■ Raw data:
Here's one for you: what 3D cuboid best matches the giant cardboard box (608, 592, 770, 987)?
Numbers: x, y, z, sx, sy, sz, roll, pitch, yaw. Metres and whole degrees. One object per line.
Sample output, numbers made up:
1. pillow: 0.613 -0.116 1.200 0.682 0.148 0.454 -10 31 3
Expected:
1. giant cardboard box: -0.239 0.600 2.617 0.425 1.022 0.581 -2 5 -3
...
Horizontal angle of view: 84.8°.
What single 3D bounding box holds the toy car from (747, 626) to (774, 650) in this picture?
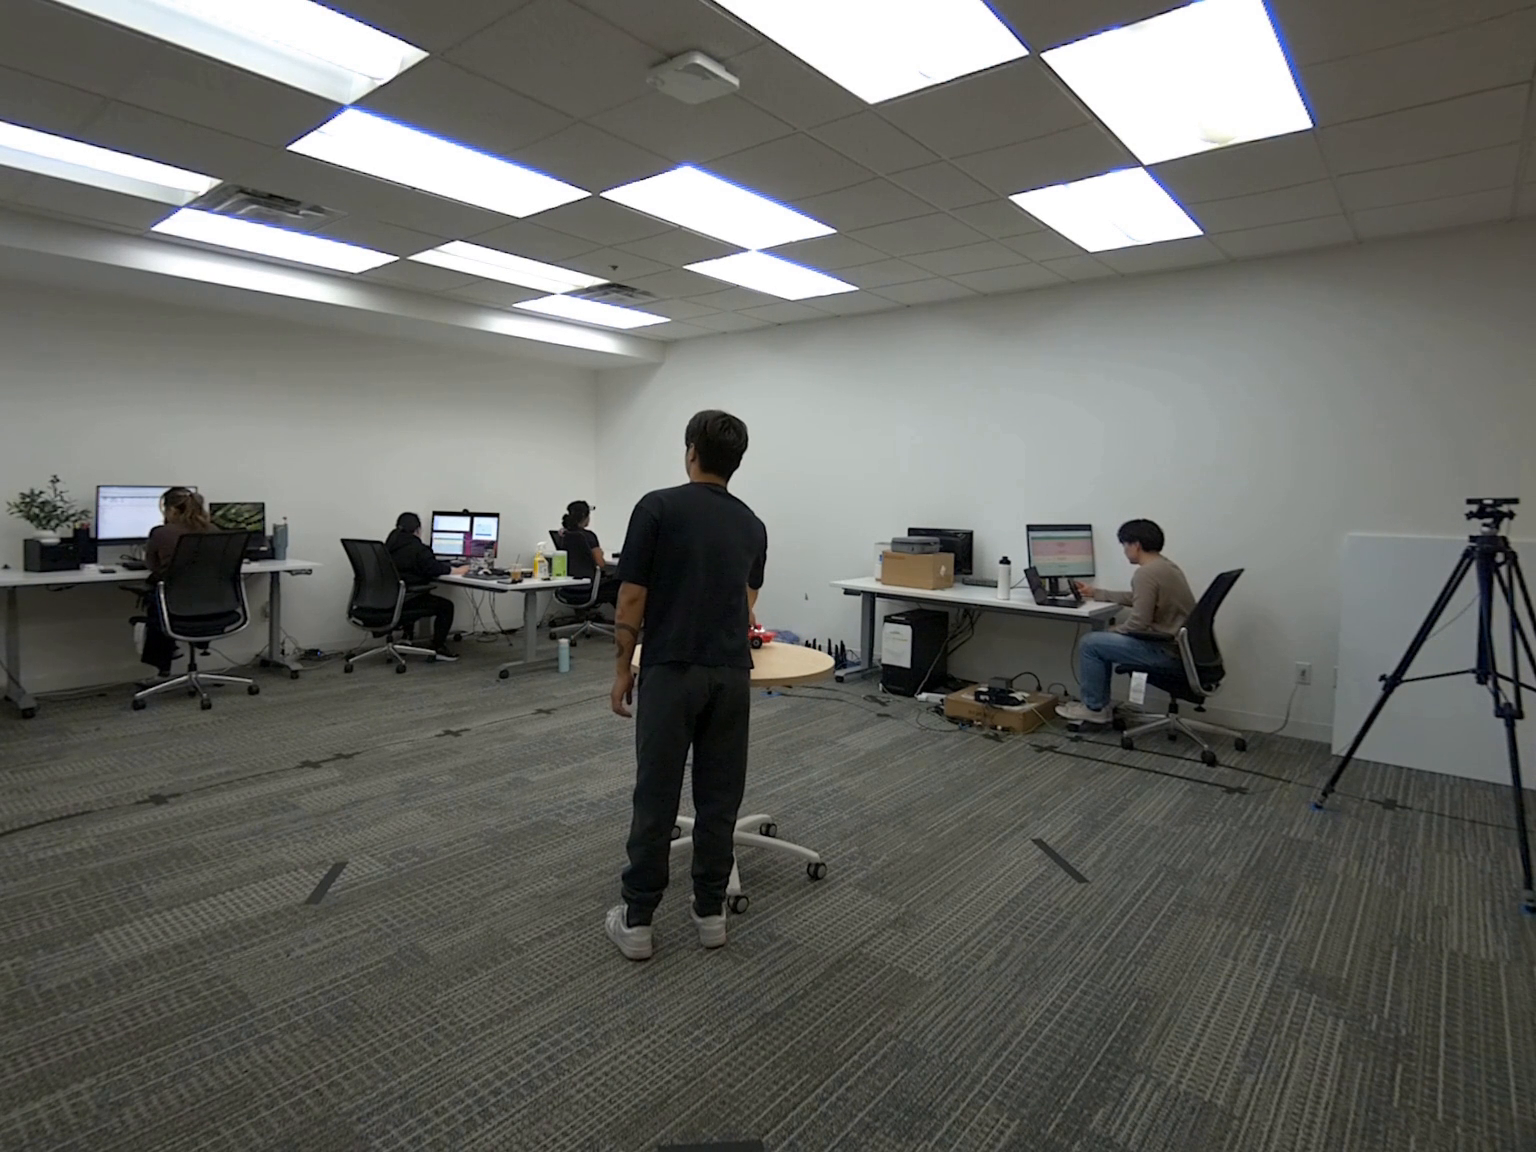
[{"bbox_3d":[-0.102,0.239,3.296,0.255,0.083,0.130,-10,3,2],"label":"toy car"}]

■ Task description:
Your answer should consist of the lines from the line with "Here's one for" to the line with "1. pillow: 0.613" above, repeated exactly, both ends included.

■ Solution below:
Here's one for you: what 3D cuboid best matches the giant cardboard box (608, 592, 770, 987)?
Numbers: x, y, z, sx, sy, sz, roll, pitch, yaw. Metres and whole degrees. One object per line.
Sample output, numbers made up:
1. pillow: 0.613 -0.116 1.200 0.682 0.148 0.454 -10 31 3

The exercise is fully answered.